Electronic Structure of Bimetallic CoRu Catalysts Modulates SWCNT Nucleation

TL;DR

This study uses quantum chemical simulations to explore how Ru loading in CoRu catalysts affects SWCNT nucleation, revealing that Ru modulates electronic structure and catalytic activity during the process.

Contribution

It demonstrates how Ru influences SWCNT nucleation by altering the electronic structure and surface chemistry of CoRu catalysts, a novel insight into catalyst design.

Findings

Ru decreases catalytic efficiency and impedes C-H activation.

Longer-lived reactive intermediates are stabilized on the catalyst surface.

Ru's influence is indirect, affecting electronic structure rather than direct catalytic activity.

Abstract

Nucleation of single-walled carbon nanotubes (SWCNTs) via chemical vapour deposition of methane on CoRu bimetallic nanoparticles is simulated using quantum chemical molecular dynamics.

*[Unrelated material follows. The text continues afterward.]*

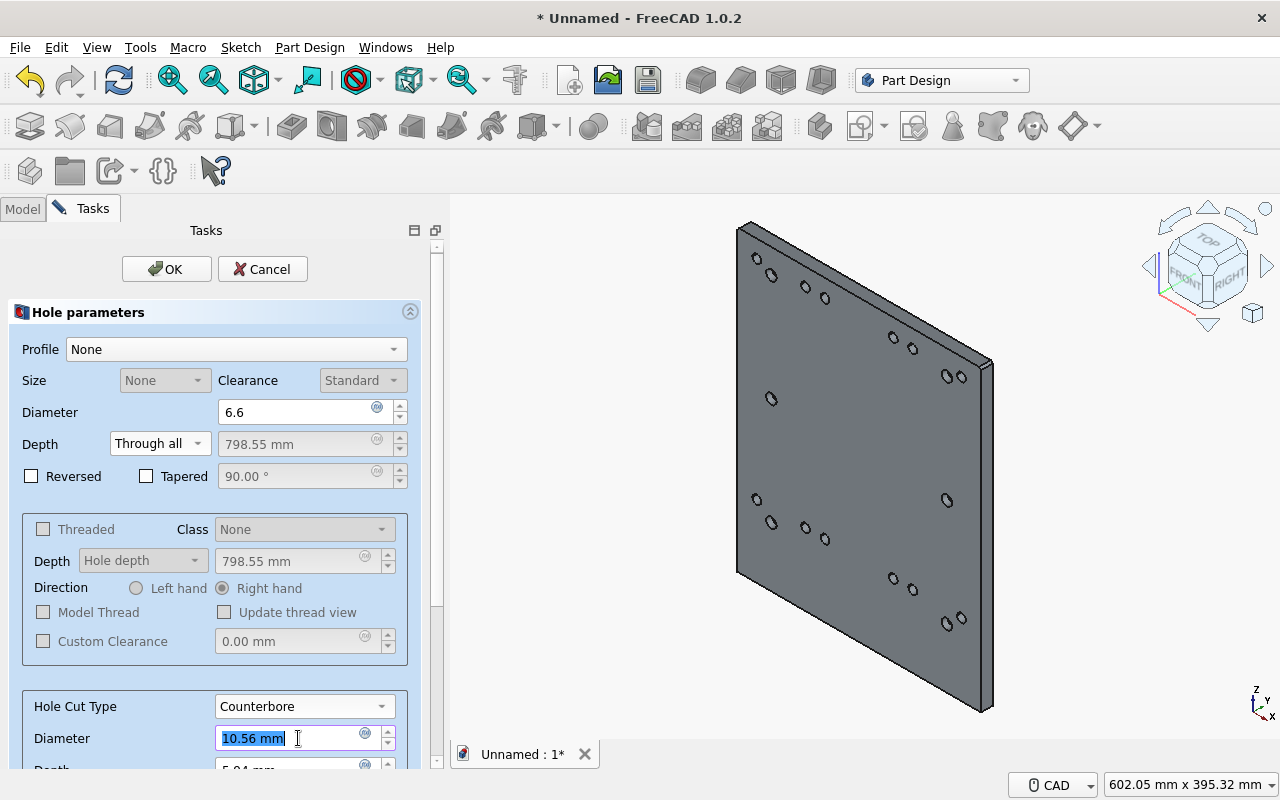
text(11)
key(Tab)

By varying the Ru loading in the catalyst, we show that Ru decreases catalytic efficiency; C-H bond activation is impeded, key reactive intermediate species become longer-lived on the catalyst surface, and longer carbon chains are stabilised through the earliest stages of SWCNT nucleation. Analysis of the CoRu nanoparticle structure during the CVD process shows that this influence of Ru is indirect, with the catalyst adopting Ru-Co core-shell or segregated structures throughout nucleation, and Co exclusively driving the catalytic decomposition of the methane precursor. We show that the influence of Ru occurs via the electronic structure of the catalyst itself, by lowering the Fermi level of the catalyst due to lower energy 4d/5s states, in a manner consistent with d-band theory.